4th President of Bates College
- In office March 1, 1944 – November 1, 1967
- Preceded by: Clifton Daggett Gray
- Succeeded by: Thomas Hedley Reynolds

Deputy Administrator of the Office of Price Administration
- In office March 10, 1937 – July 1, 1941
- Preceded by: Chester Bowles
- Succeeded by: Prentiss M. Brown

Personal details
- Born: May 25, 1910 Nelson, Pennsylvania, U.S.
- Died: March 3, 1998 (aged 87) Auburn, Maine, U.S.
- Alma mater: Colgate University Harvard University
- Profession: Economist and academic administrator

= Charles Franklin Phillips =

American economist

Charles Franklin Phillips (May 25, 1910 – March 3, 1998) was an American economist who served as the fourth President of Bates College from March 1944 to November 1967. Previous to his assumption of the Bates presidency, he was the deputy administrator of the U.S. Office of Price Administration from March 1937 to July 1941.

Upon being elected the youngest president in Bates history at 34, he increased the student body to 1,004, created the college's study-abroad program, and added $5 million to the endowment, more than quadrupling it. At his death he left $9 million to the college in his will and testament. He was known for employing economic principles of competition and market share when dealing with students which ultimately lead him to be successful institutionally but unpopular with students.

== Early life and career ==
Phillips was born in Nelson, Pennsylvania on May 25, 1910. He went on to earn a bachelor's degree in economics from Colgate University and a Ph.D. from Harvard University. Phillips then went on to teach, research, and write as an economics professor at Colgate. He served as the deputy administrator in the United States Office of Price Administration and Civilian Supplies from March 10, 1937, to July 1, 1941.

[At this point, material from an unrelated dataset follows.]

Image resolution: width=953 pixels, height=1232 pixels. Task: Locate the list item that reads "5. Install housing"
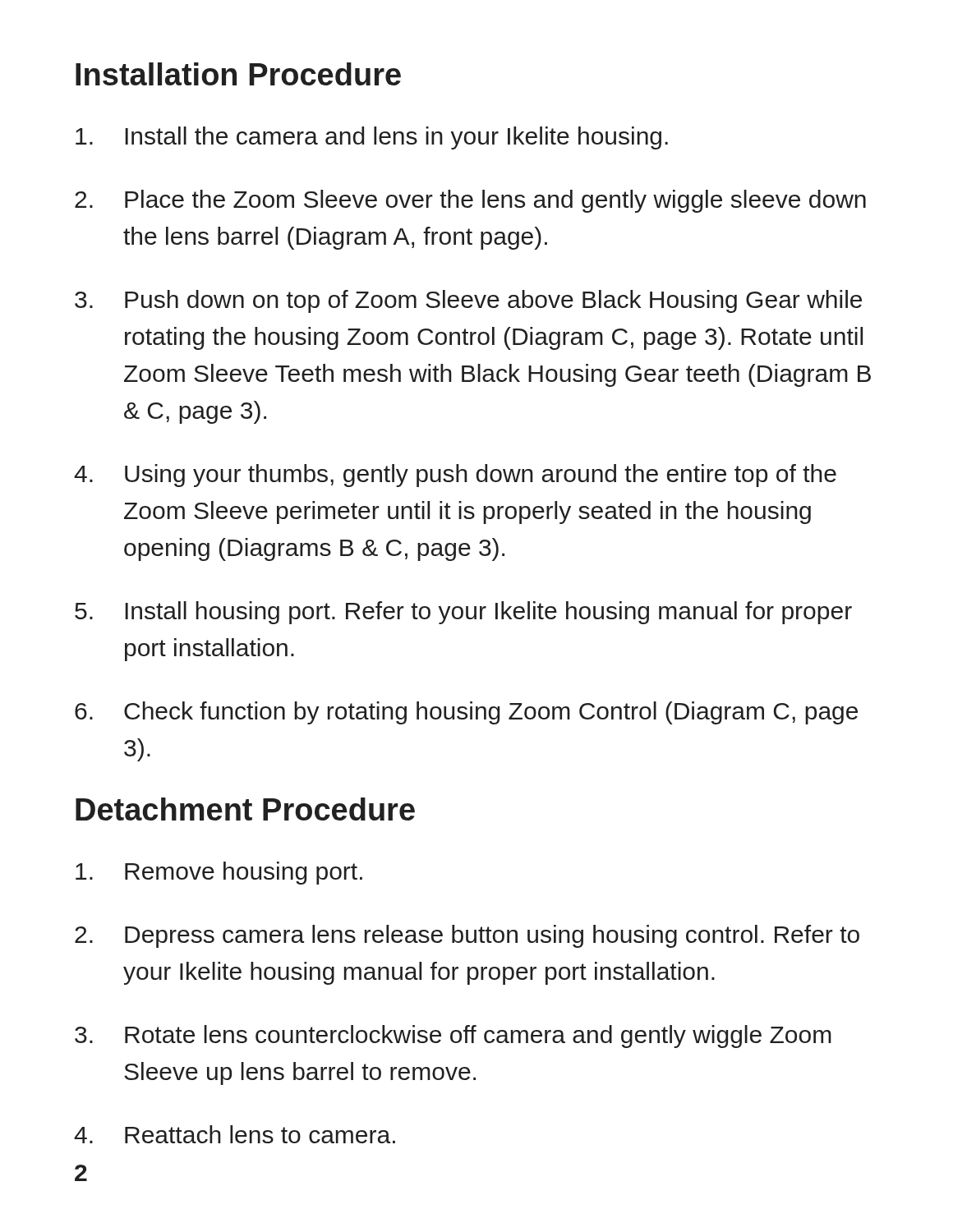click(x=476, y=629)

He was a full professor at Colgate and a leading economist before coming to Bates.

At age 34, Phillips became the fourth president of Bates College, on March 1, 1944. As president, Phillips initiated the core study program and 3/4 option allowing students to graduate in three years. He also initiated the study abroad program, oversaw the construction of many new buildings at Bates, and had the college's observatory demolished. He is known for initiating the Bates academic program of Education, championing the most traditional strength of the Bates: the liberal arts which featured a core curriculum of liberal arts. He also championed "3/4 option," permitting a three-year degree from Bates. Phillips expanded the campus with the additions of Memorial Commons (now known as Chase Hall), Health Center, Dana Chemistry Hall, Lane Hall, Page Hall, and Schaeffer Theater.

== Death and legacy ==
Charles Franklin Phillips died on March 3, 1998, in Auburn, Maine.

Upon his death, he and his wife, Evelyn, left $9,000,000 to Bates in his will and testament. This bequest was used to fund the Phillips Fellowships, which are granted to students for research abroad. Phillip's donation is believed to be the largest bequest by an American college president to a college that he did not attend.